People and safety – the Manager is committed to providing a fair, safe, challenging and rewarding workplace, and recognises the importance of attracting and retaining high quality people. There are a range of policies and systems in place to enable achievement of these goals, including:
- Equal Employment Opportunity
- Occupational Health and Safety (OH&S)
- recruitment and selection
- performance management
- remuneration and recognition, and
- professional development.
Additionally, the Trust recognises that it has a responsibility to ensure the safety and wellbeing of the users of its centres and facilities, and delivers this through its engagement process, including contractual requirements for OH&S procedures, appropriate insurance of employees and OH&S Committees to oversee policy, implementation and reporting on issues.
The Trust’s risk profile and mitigation controls are formally reviewed on a semi-annual basis. The inputs to this process include the capture of Trust-specific risks that incorporate operational, financial, statutory and internal/external environmental factors applicable to the Trust and the linkage of those risks to the Trust’s investment strategy.

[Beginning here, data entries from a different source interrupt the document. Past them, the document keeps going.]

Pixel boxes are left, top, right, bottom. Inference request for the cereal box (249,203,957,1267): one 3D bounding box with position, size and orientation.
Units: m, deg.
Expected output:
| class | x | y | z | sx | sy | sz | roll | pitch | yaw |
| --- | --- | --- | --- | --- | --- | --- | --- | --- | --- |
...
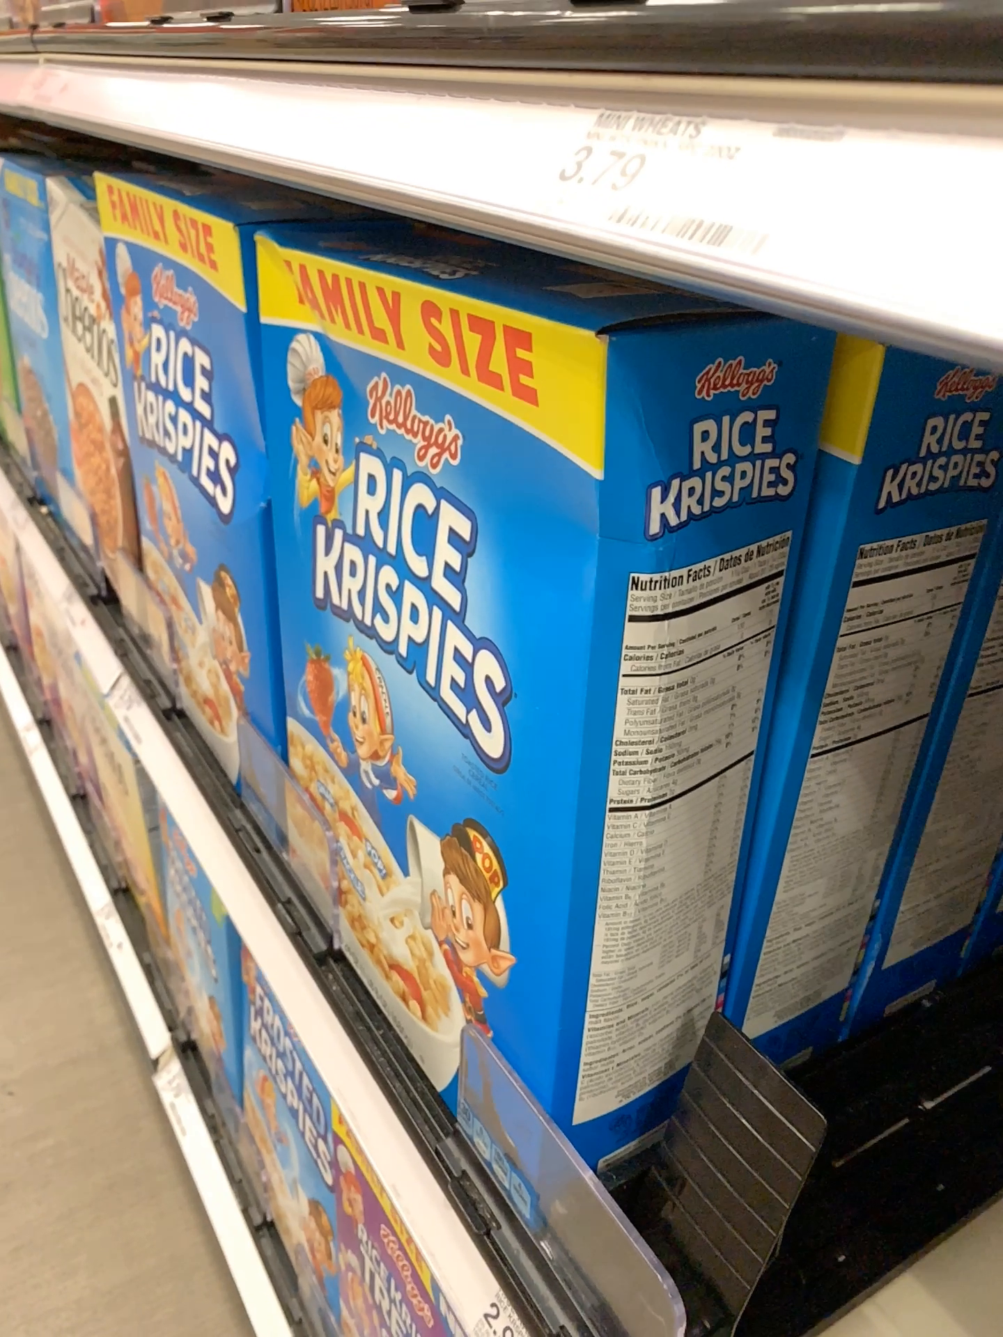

The risk management structure is further supported by the Trust’s Compliance Plan, which identifies and manages the statutory risk applicable to the Trust, its control methodologies and the monitoring obligations of the Trust. The Compliance Plan is available to all unitholders of the Trust on this website or on request.
CMIL has developed a set of core risks that it believes most directly impact the Trust, and that are inherent in the environment in which it operates, which include:
- financial risks, specifically:
- macroeconomic conditions (broader economic and monetary policy conditions)
- refinancing and capital expenditure (cost of capital to fund development and financing arrangements), and
- market volatility (impacts on valuation of assets, financing arrangements, and the price of the Trust securities)
- property risk (risk to assets, development and redevelopment projects)
- insurance risk (assets, contractors and service providers), and
- environmental and sustainability risks, including those arising from government policy.
These risks are not exhaustive; however, they provide investors with an insight into the primary risks that CMIL believes can and do influence the operation of the Trust and the market in which the Trust operates.
Operational risks are monitored and managed on an ongoing basis by the Trust’s management team, and supported by a number of other functional areas that include finance, research, property management services, legal and audit, which provide information, data and reporting.
Mitigation planning and monitoring is achieved through a range of methods. These include:
- the construction of terms of contract where service providers are engaged and the active management of those contracts
- reviews to ensure that changes to statutory, government policy and sustainability risk are communicated to the business in a timely manner to plan for expected operating activity amendments, and
- financial risk is managed through a dedicated finance function (Trust finance teams, financial control and reporting, capital strategy management and forecasting and analytics).
Additional information in the 2011 Annual Report includes:
- Details of current risk issues, as they relate to the Trust in its immediate market environment, are contained in the Fund Manager's report (see pages 10 to 21)
- Sustainability and environmental issues are captured in the Sustainability section (see pages 22 to 31), and
- Financial risks are included in the Financial Report (see pages 68 to 120).